On 10/3/22 2:03 PM, Kumar Kartikeya Dwivedi wrote:
On Mon, 3 Oct 2022 at 21:53, Martin KaFai Lau <martin.lau@xxxxxxxxx> wrote:

On 10/3/22 8:56 AM, Kumar Kartikeya Dwivedi wrote:
Also, could you include a test to make sure sleepable programs cannot
call bpf_task_acquire? It seems to assume RCU read lock is held while
that may not be true. If already not possible, maybe a WARN_ON_ONCE
inside the helper to ensure future cases don't creep in.

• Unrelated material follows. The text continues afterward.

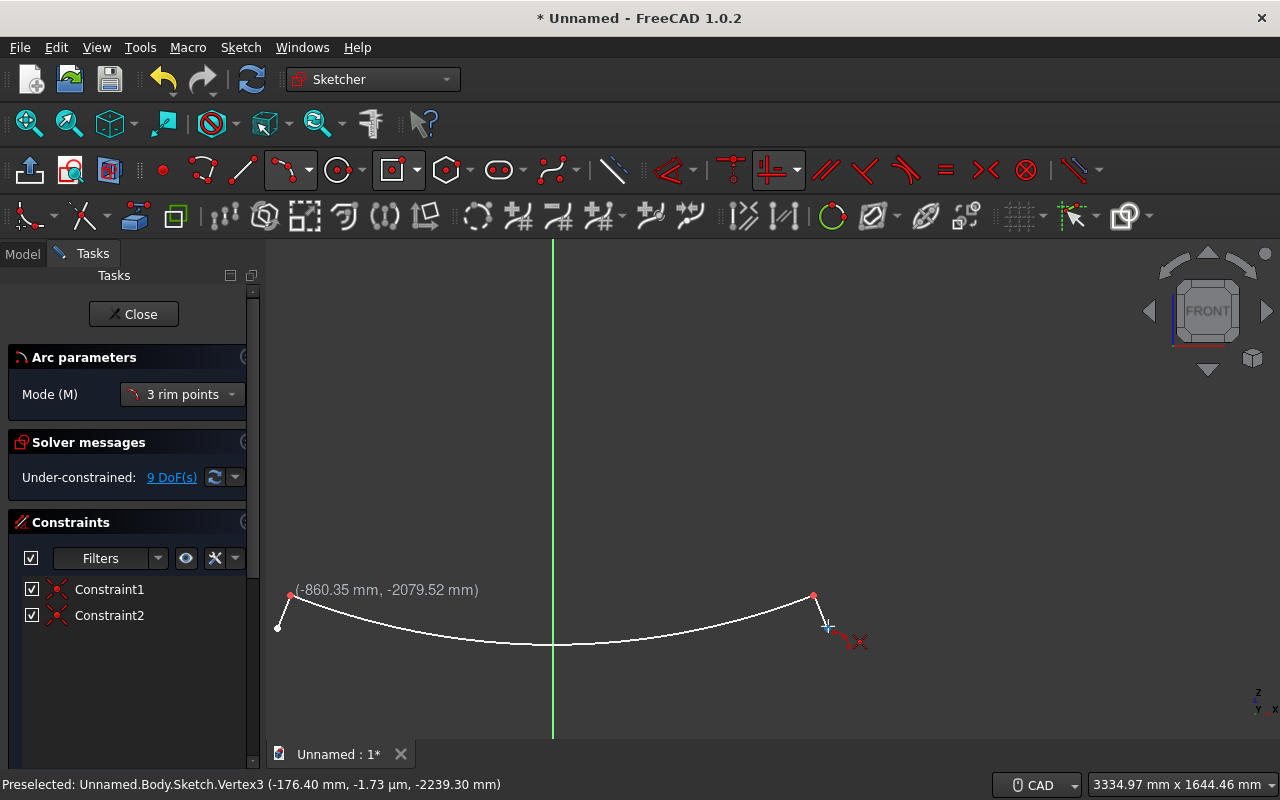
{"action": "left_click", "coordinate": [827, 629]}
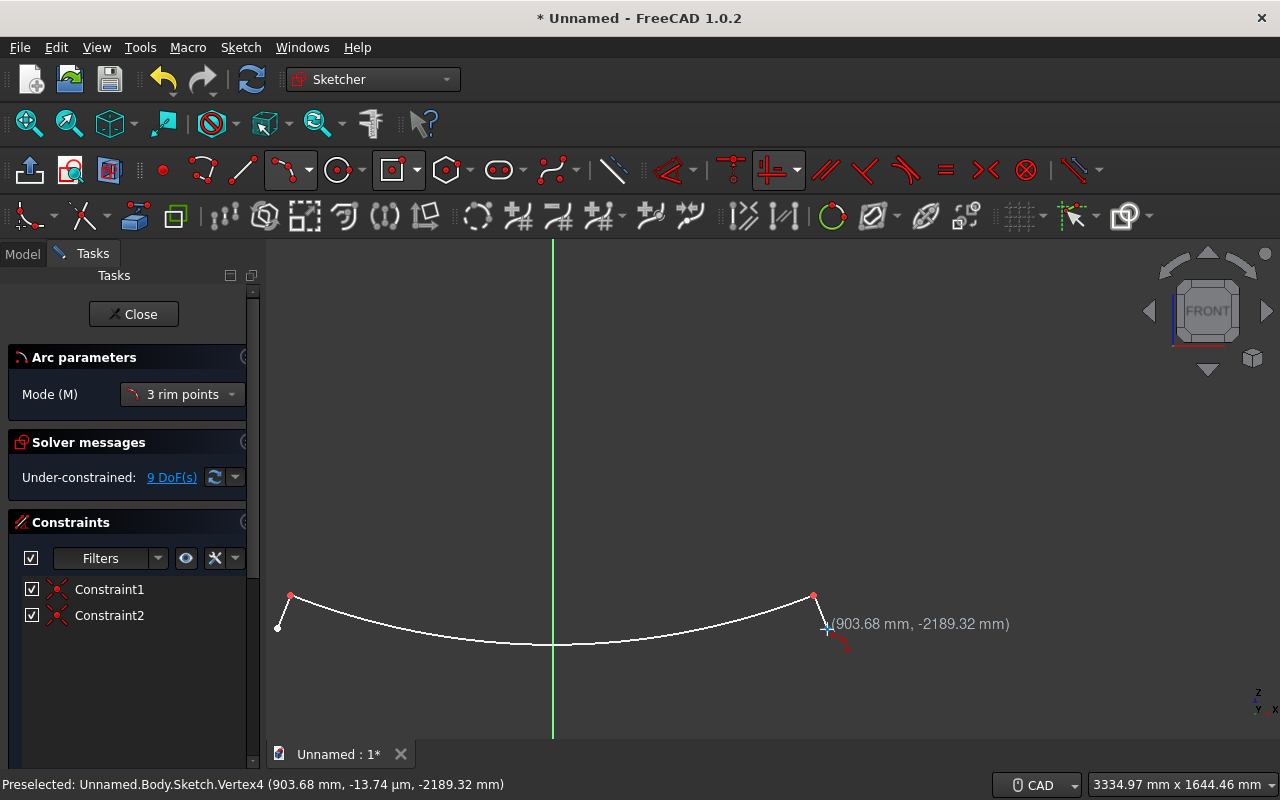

I don't _think_ it's unsafe for a sleepable program to call
bpf_task_acquire(). My understanding is that the struct task_struct *
parameter to bpf_task_acquire() is not PTR_UNTRUSTED, so it's safe to
dereference directly in the kfunc. The implicit assumption here is that
the task was either passed to the BPF program (which is calling
bpf_task_acquire()) from the main kernel in something like a trace or
struct_ops callback, or it was a referenced kptr that was removed from a
map with bpf_kptr_xchg(), and is now owned by the BPF program. Given
that the ptr type is not PTR_UNTRUSTED, it seemed correct to assume that
the task was valid in bpf_task_acquire() regardless of whether we were
in an RCU read region or not, but please let me know if I'm wrong about

I don't think it's correct. You can just walk arbitrary structures and
obtain a normal PTR_TO_BTF_ID that looks seemingly ok to the verifier
but has no lifetime guarantees. It's a separate pre-existing problem
unrelated to your series [0]. PTR_UNTRUSTED is not set for those cases
currently.

So the argument to your bpf_task_acquire may already be freed by then.
This issue would be exacerbated in sleepable BPF programs, where RCU
read lock is not held, so some cases of pointer walking where it may
be safe no longer holds.

I am planning to clean this up, but I'd still prefer if we don't allow
this helper in sleepable programs, yet. kptr_get is ok to allow.
Once you have explicit BPF RCU read sections, sleepable programs can
take it, do loads, and operate on the RCU pointer safely until they
invalidate it with the outermost bpf_rcu_read_unlock. It's needed for
local kptrs as well, not just this. I plan to post this very soon, so
we should be able to fix it up in the current cycle after landing your
series.

__rcu tags in the kernel will automatically be understood by the
verifier and for the majority of the correctly annotated cases this
will work fine and not break tracing programs.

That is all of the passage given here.